Is my child’s separation anxiety normal? 6 tips to help them cope
So, you dropped your child off at daycare or preschool this morning on your way to work, and it was a little more difficult than you expected. Maybe your baby became hysterical when you walked away. Maybe your toddler burst into tears. What’s a parent to do?
Understanding separation anxiety
Although often distressing for parents, separation anxiety is a normal stage of development for young children. It manifests differently for every child, but in general, here’s what’s going on in your child’s brain during different developmental phases.

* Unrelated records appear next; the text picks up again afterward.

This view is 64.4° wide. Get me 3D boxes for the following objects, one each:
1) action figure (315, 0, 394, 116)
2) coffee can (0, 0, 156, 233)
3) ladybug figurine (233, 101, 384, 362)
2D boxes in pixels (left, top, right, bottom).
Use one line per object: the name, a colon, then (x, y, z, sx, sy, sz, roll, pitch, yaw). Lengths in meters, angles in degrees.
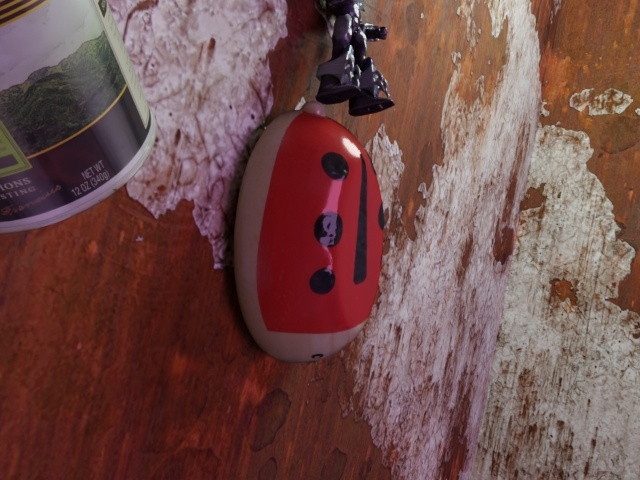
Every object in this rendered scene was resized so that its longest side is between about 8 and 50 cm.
action figure: (0.052, -0.357, 0.860, 0.185, 0.099, 0.285, 15, 68, -51)
coffee can: (-0.256, -0.168, 0.353, 0.202, 0.201, 0.275, -55, 155, -31)
ladybug figurine: (0.000, 0.000, 0.852, 0.305, 0.161, 0.450, -21, 115, -51)
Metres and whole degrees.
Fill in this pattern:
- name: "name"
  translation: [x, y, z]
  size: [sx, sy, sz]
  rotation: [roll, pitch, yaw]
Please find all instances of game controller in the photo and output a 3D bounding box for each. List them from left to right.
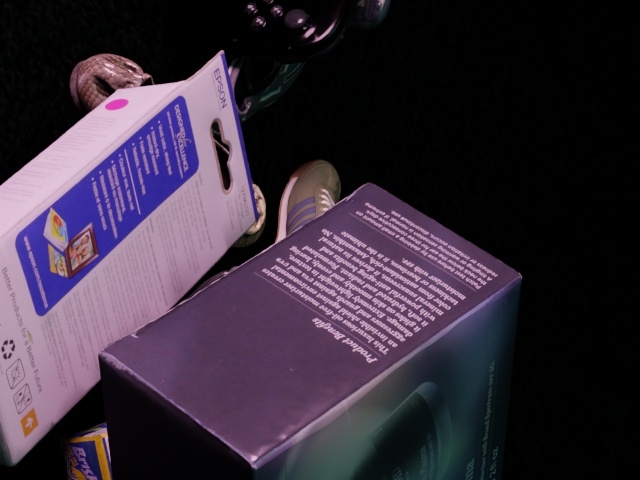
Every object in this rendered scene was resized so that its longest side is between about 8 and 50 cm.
- name: "game controller"
  translation: [-0.023, -0.301, 1.627]
  size: [0.067, 0.167, 0.319]
  rotation: [81, 24, -60]

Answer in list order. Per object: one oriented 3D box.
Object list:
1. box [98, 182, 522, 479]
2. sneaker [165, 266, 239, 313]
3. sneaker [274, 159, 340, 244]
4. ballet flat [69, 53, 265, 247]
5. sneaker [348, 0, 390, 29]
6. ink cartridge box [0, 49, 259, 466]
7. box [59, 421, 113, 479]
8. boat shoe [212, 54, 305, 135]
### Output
- name: "box"
  translation: [-0.003, 0.166, 1.405]
  size: [0.294, 0.183, 0.296]
  rotation: [-32, 139, -32]
- name: "sneaker"
  translation: [-0.048, 0.064, 1.490]
  size: [0.234, 0.106, 0.078]
  rotation: [-20, 60, -31]
- name: "sneaker"
  translation: [0.000, 0.000, 1.653]
  size: [0.064, 0.086, 0.192]
  rotation: [48, 49, -34]
- name: "ballet flat"
  translation: [-0.122, -0.078, 1.541]
  size: [0.250, 0.058, 0.084]
  rotation: [46, 49, -34]
- name: "sneaker"
  translation: [0.052, -0.351, 1.772]
  size: [0.122, 0.110, 0.283]
  rotation: [4, 80, -54]
- name: "ink cartridge box"
  translation: [-0.180, 0.002, 1.414]
  size: [0.371, 0.069, 0.175]
  rotation: [-45, 135, -43]
- name: "box"
  translation: [-0.139, 0.172, 1.475]
  size: [0.169, 0.054, 0.059]
  rotation: [-16, 95, -50]
- name: "boat shoe"
  translation: [-0.052, -0.158, 1.637]
  size: [0.206, 0.065, 0.075]
  rotation: [-45, 115, -47]
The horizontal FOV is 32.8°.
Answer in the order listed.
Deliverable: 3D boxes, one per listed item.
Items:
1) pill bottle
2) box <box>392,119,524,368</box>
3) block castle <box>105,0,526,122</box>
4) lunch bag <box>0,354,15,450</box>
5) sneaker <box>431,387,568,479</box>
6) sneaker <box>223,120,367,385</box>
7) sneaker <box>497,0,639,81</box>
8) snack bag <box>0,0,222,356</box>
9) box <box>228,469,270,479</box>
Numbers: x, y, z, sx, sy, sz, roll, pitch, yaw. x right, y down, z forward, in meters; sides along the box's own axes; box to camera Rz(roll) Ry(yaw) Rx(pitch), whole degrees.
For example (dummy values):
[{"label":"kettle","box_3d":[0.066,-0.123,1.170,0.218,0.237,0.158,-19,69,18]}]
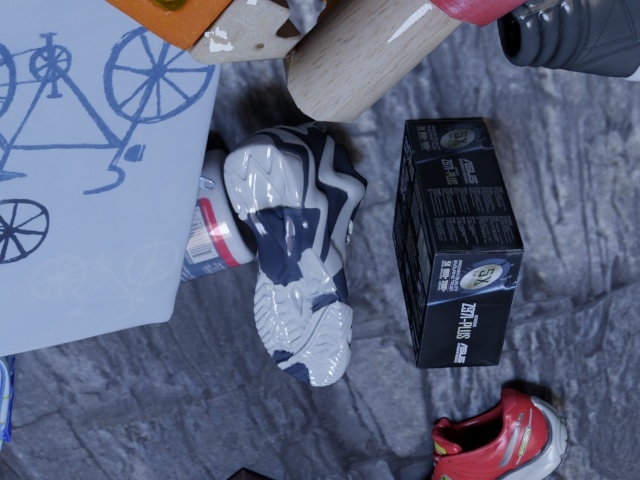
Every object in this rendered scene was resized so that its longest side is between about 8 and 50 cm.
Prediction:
[{"label":"pill bottle","box_3d":[-0.157,-0.008,0.989,0.180,0.108,0.108,-16,133,8]},{"label":"box","box_3d":[0.119,0.002,0.987,0.077,0.180,0.147,-2,133,-5]},{"label":"block castle","box_3d":[-0.068,-0.301,0.551,0.453,0.303,0.213,35,128,-22]},{"label":"lunch bag","box_3d":[-0.403,0.153,1.119,0.176,0.090,0.219,8,132,-14]},{"label":"sneaker","box_3d":[0.172,0.271,1.329,0.118,0.107,0.279,37,118,-13]},{"label":"sneaker","box_3d":[0.000,0.000,0.981,0.094,0.153,0.235,-10,107,32]},{"label":"sneaker","box_3d":[0.213,-0.238,0.823,0.146,0.105,0.296,-5,138,-10]},{"label":"snack bag","box_3d":[-0.221,-0.040,0.797,0.323,0.037,0.343,-12,132,-34]},{"label":"box","box_3d":[0.016,0.457,1.402,0.381,0.191,0.143,26,125,-30]}]
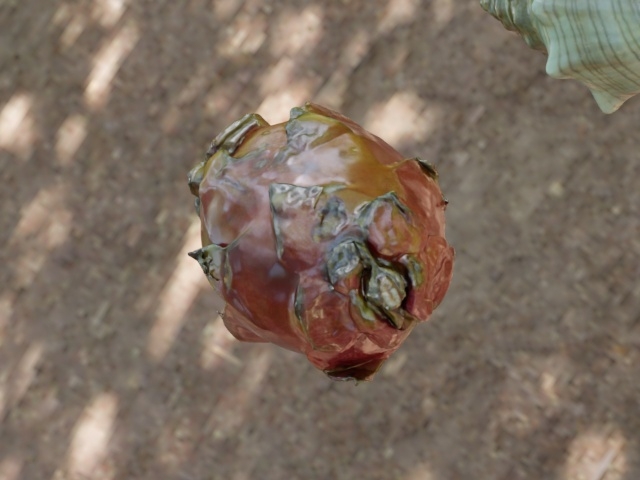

- Infants: In infants, separation anxiety develops after a child gains an understanding of something called object permanence. This is when your infant realizes that you’re really gone when you’re gone. Most babies develop separation anxiety around 9 months, but it can happen as early as 4-5 months.
- Toddlers: Toddlers may become even more aware of separations around 15 or 18 months of age as they begin to develop more independence. Their behaviors at separations may be loud, tearful and difficult to stop.
- Preschoolers: Preschoolers face the challenge of not only being apart from their parents but also having to adjust to a new environment. By age three, most children understand how their anxiety or outbursts at separation will impact their parents and may use these pleas to get you to come back to them.
6 ways to ease separation anxiety
One strategy to help your child deal with separation anxiety is developing a routine to help your child anticipate when you leave and when you come back. Keeping a consistent routine and following through with promises not only builds trust between you and your child, but also allows them to build confidence in their ability to be without you.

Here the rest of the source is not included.